> -----Original Message-----
> From: A mailing list for Enterprise JavaBeans development
> [mailto:[EMAIL PROTECTED]]On Behalf Of Filip Hanik
> a join, the performance would still not be good since an entity bean is a
> very heavy weight object.
I suppose this is what I disagree with, but only in a relative sense. I will
defer that an entity bean is *heavier* than a stateless session bean, but it
is not a *very* heavyweight object by its nature. It takes no more time to
pull an entity bean out of a pool, than it takes to pull a SLSB.
In any meaningful application, an entity bean will have to be synched with
the database before it is used. This takes time, but must be done in any
architecture. With the appropriate lazy-loading techniques this is moot, and
Entity Beans (EBs) make this a very simple activity.

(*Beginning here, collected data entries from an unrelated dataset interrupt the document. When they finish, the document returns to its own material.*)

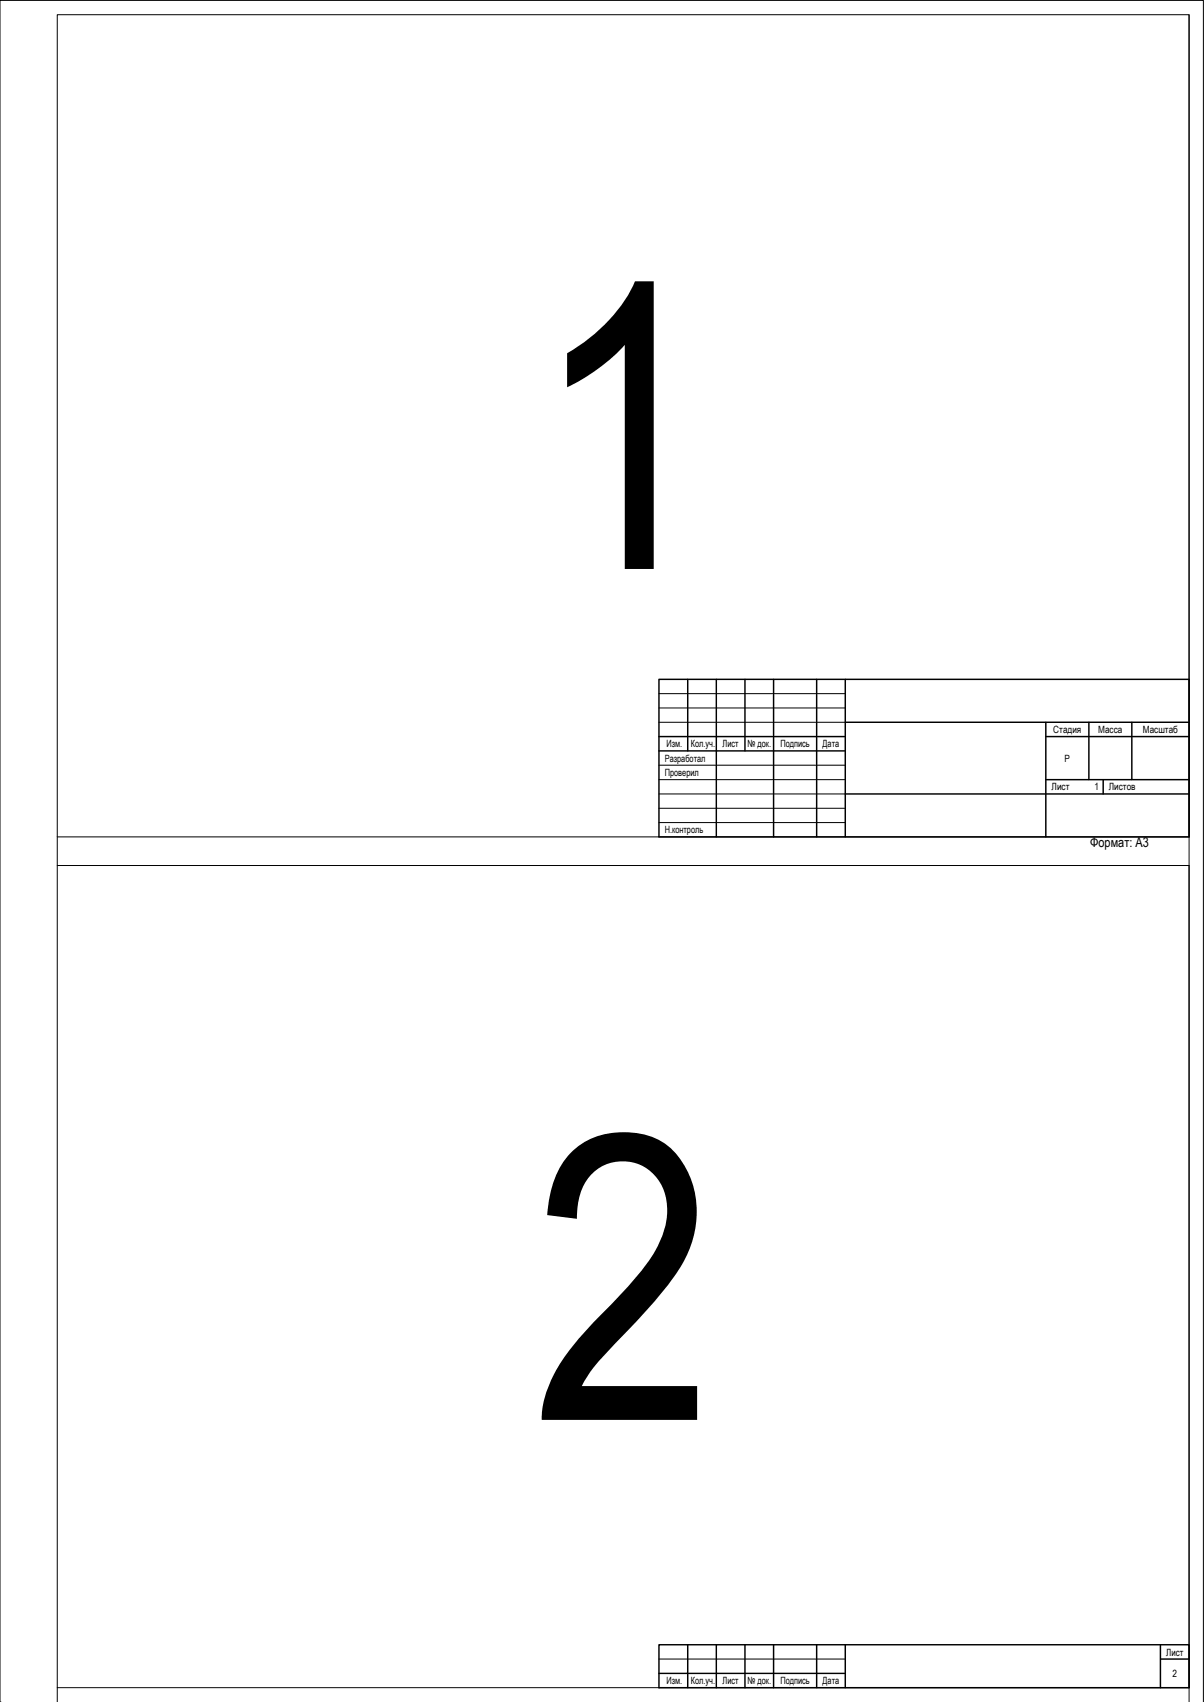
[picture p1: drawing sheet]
<svg xmlns="http://www.w3.org/2000/svg" width="420mm" height="594mm" viewBox="0 0 420 594" stroke-linecap="round" stroke-linejoin="round" font-family="sans-serif">
<defs><g id="words">
<g font-size="139.7">
<text x="185.6" y="198.6">1</text>
<text x="185.6" y="495.6">2</text>
</g>
<text font-size="4.7" x="380.4" y="295.7">Формат: A3</text>
<g font-size="3.5">
<text x="367.6" y="255.9">Стадия</text>
<text x="383.2" y="255.9">Масса</text>
<text x="398.8" y="255.9">Масштаб</text>
<text x="232.6" y="260.9">Изм.</text>
<text x="241.1" y="260.9">Кол.уч.</text>
<text x="252.2" y="260.9">Лист</text>
<text x="260.9" y="260.9">№ док.</text>
<text x="272.3" y="260.9">Подпись</text>
<text x="287.1" y="260.9">Дата</text>
<text x="232" y="265.9">Разработал</text>
<text x="371.5" y="265.9">Р</text>
<text x="232" y="270.9">Проверил</text>
<text x="367" y="275.9">Лист</text>
<text x="382" y="275.9">1</text>
<text x="387" y="275.9">Листов</text>
<text x="232" y="290.8">Н.контроль</text>
<text x="407" y="577.9">Лист</text>
<text x="232.6" y="587.9">Изм.</text>
<text x="241.1" y="587.9">Кол.уч.</text>
<text x="252.2" y="587.9">Лист</text>
<text x="260.9" y="587.9">№ док.</text>
<text x="272.3" y="587.9">Подпись</text>
<text x="287.1" y="587.9">Дата</text>
<text x="409.2" y="585.4">2</text>
</g>
</g></defs>
<!-- layer: 11 -->
<path d="M0 594.1v-594h419.9v594M20 594.1v-589h395v589" fill="none" stroke="#000" stroke-width=".35"/>
<!-- layer: 12 -->
<path d="M415 5.1v287h-395M20 302.1h395v287h-395" fill="none" stroke="#000" stroke-width=".35"/>
<g fill="none" stroke="#000" stroke-width=".51">
<path d="M230 237.1h185v55h-185zM240 237.1v25M250 237.1v55M260 237.1v25M270 237.1v55M285 237.1v55M295 237.1v55M230 257.1h65M295 252.1h120M365 252.1v40M365 257.1h50M380 252.1v20"/>
<path d="M395 252.1v20M230 262.1h65M295 277.1h120M365 272.1h50M385 272.1v5M230 574.1h185v15h-185zM240 574.1v15M250 574.1v15M260 574.1v15M270 574.1v15M285 574.1v15M295 574.1v15"/>
<path d="M405 574.1v15M405 579.1h10M230 584.1h65"/>
</g>
<path d="M230 242.1h65M230 247.1h65M230 252.1h65M230 267.1h65M230 272.1h65M230 277.1h65M230 282.1h65M230 287.1h65M230 579.1h65" fill="none" stroke="#000" stroke-width=".35"/>
<!-- layer: 0 -->
<path d="M0 594.1h.1" fill="none" stroke="#000" stroke-width=".35"/>
<use href="#words"/>
</svg>

The only key difference I see between EBs and some other persistence pattern
(whether it be JDO or DAO) is the transaction that is necessary to access an
entity bean even for read access. I don't know about you, but in my EJB
containers this is a blip on the radar screen in terms of memory consuption
and performance.
> an entity should, IMHO, represent a more complext transactional data
> structure that needs to be shared among different clients in order to be
> useful.
Even if I had a simple 2 column table of reference data, I would still
choose to represent this as an entity bean in most systems. There are
exceptions of course, but if the reference data can *ever* be modified, then
an entity bean is the appropriate structure.